▸ TASK REQUIREMENTS
Working from the records below, repeat exactly the lines starting at the line that contains "Meters and whole degrees." and ending at the line that contains "HFOV 84.4°.", inclusive.

*** Opening DATASET CONTENT ***

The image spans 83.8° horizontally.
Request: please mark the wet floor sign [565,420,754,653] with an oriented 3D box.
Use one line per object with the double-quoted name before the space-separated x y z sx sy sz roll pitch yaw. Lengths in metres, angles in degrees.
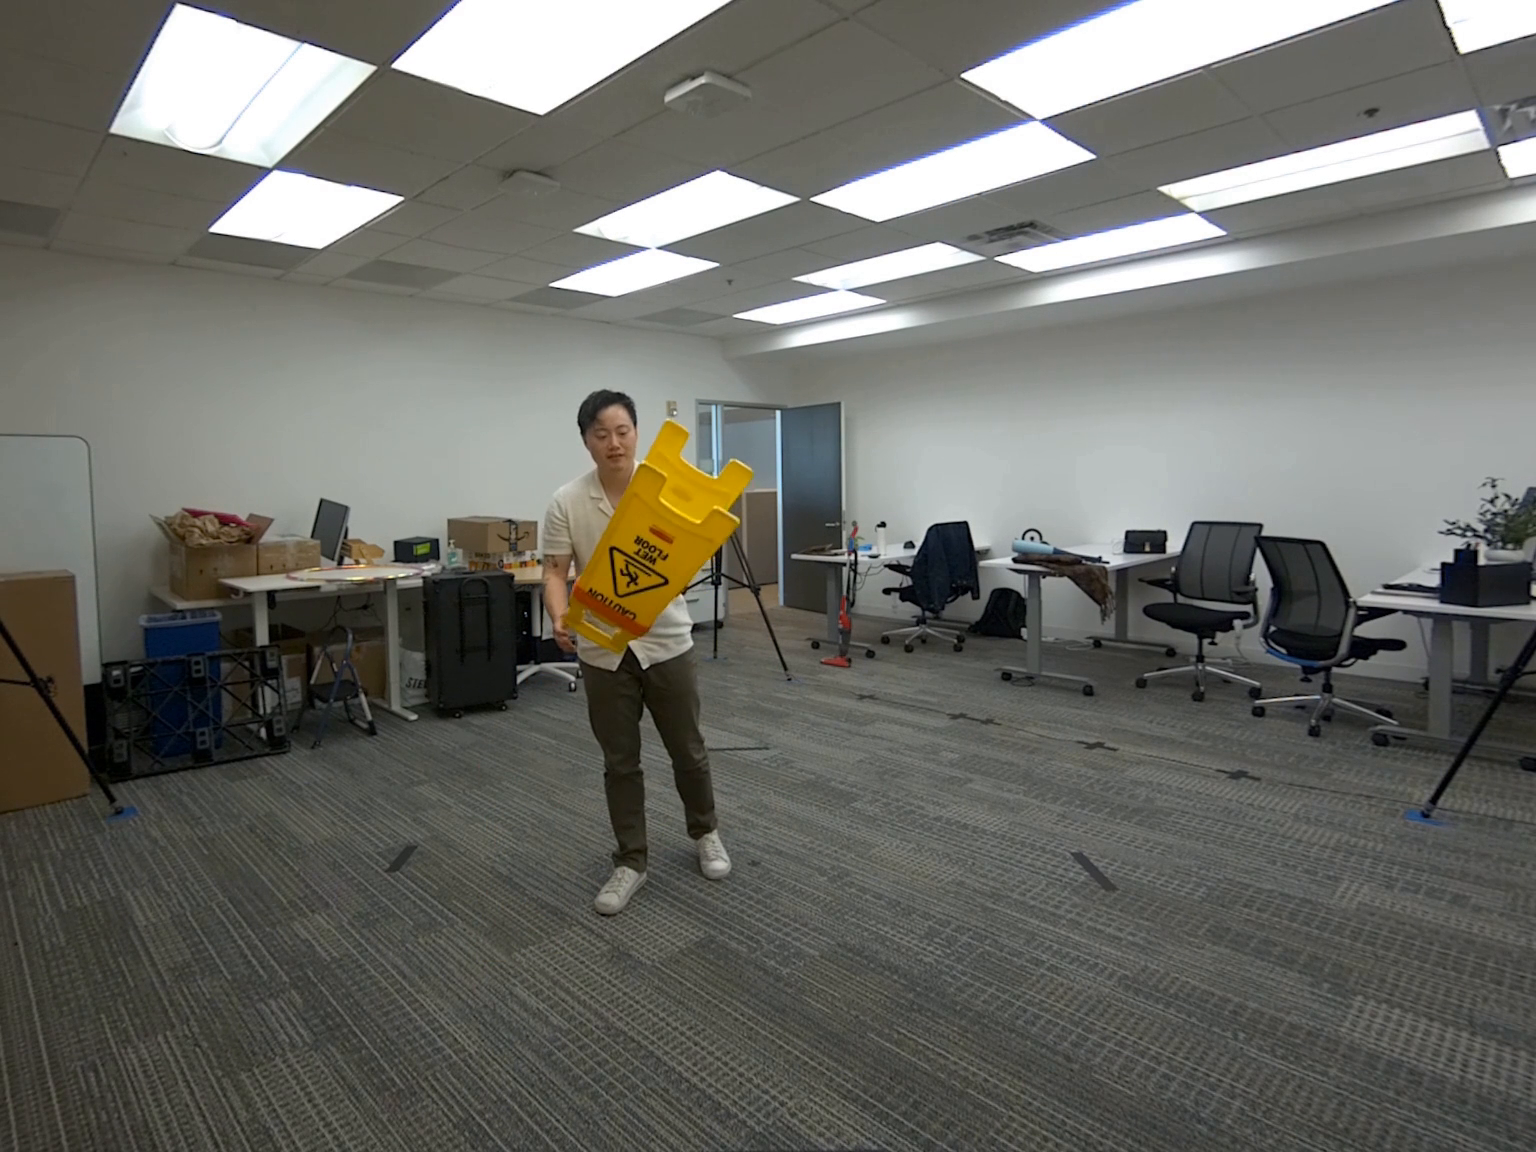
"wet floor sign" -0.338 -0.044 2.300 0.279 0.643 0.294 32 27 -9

*** Closing DATASET CONTENT ***
*** Opening DATASET CONTENT ***

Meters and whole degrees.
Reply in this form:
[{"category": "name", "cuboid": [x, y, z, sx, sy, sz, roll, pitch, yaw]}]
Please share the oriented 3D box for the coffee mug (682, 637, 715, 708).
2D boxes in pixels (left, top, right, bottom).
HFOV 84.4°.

*** Closing DATASET CONTENT ***
*** Opening DATASET CONTENT ***

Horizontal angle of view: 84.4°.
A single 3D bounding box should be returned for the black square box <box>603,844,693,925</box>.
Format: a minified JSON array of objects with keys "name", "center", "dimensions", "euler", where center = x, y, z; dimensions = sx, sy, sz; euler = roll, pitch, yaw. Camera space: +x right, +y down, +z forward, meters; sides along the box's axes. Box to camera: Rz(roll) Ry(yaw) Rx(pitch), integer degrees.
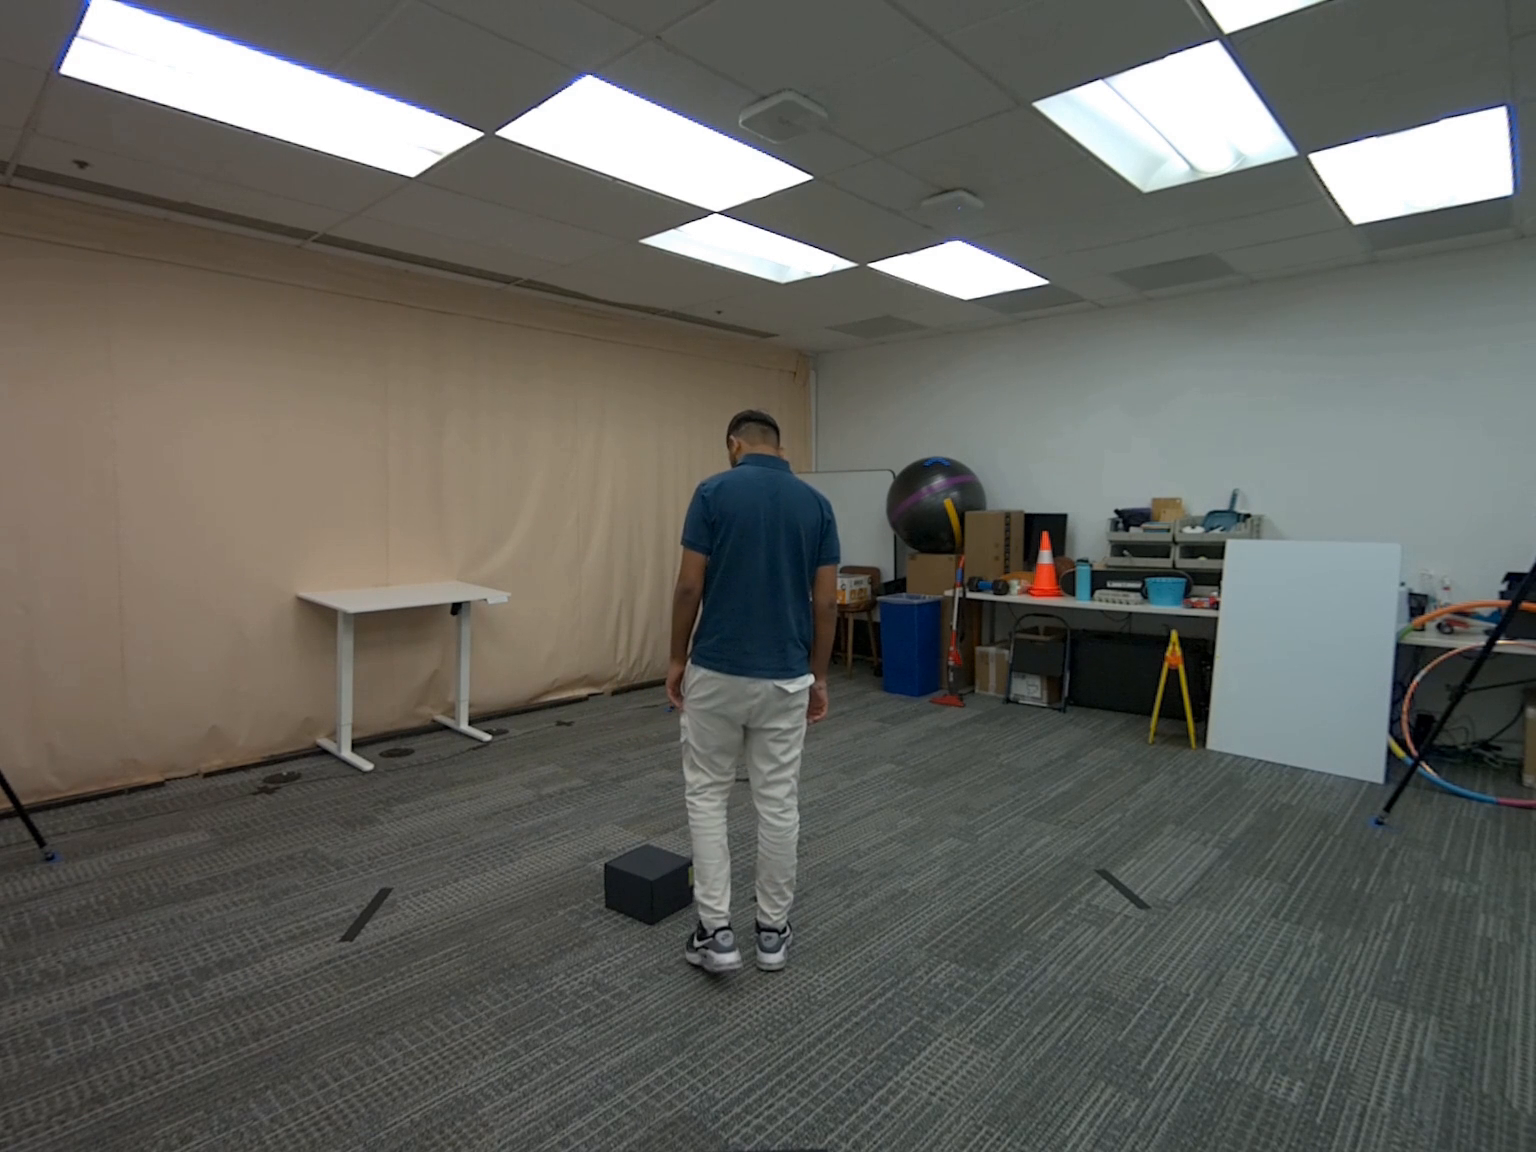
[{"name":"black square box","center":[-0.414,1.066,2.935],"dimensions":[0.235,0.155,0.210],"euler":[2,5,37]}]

*** Closing DATASET CONTENT ***

▸ SOLUTION FOR THIS EXERCISE
Meters and whole degrees.
Reply in this form:
[{"category": "name", "cuboid": [x, y, z, sx, sy, sz, roll, pitch, yaw]}]
Please share the oriented 3D box for the coffee mug (682, 637, 715, 708).
2D boxes in pixels (left, top, right, bottom).
HFOV 84.4°.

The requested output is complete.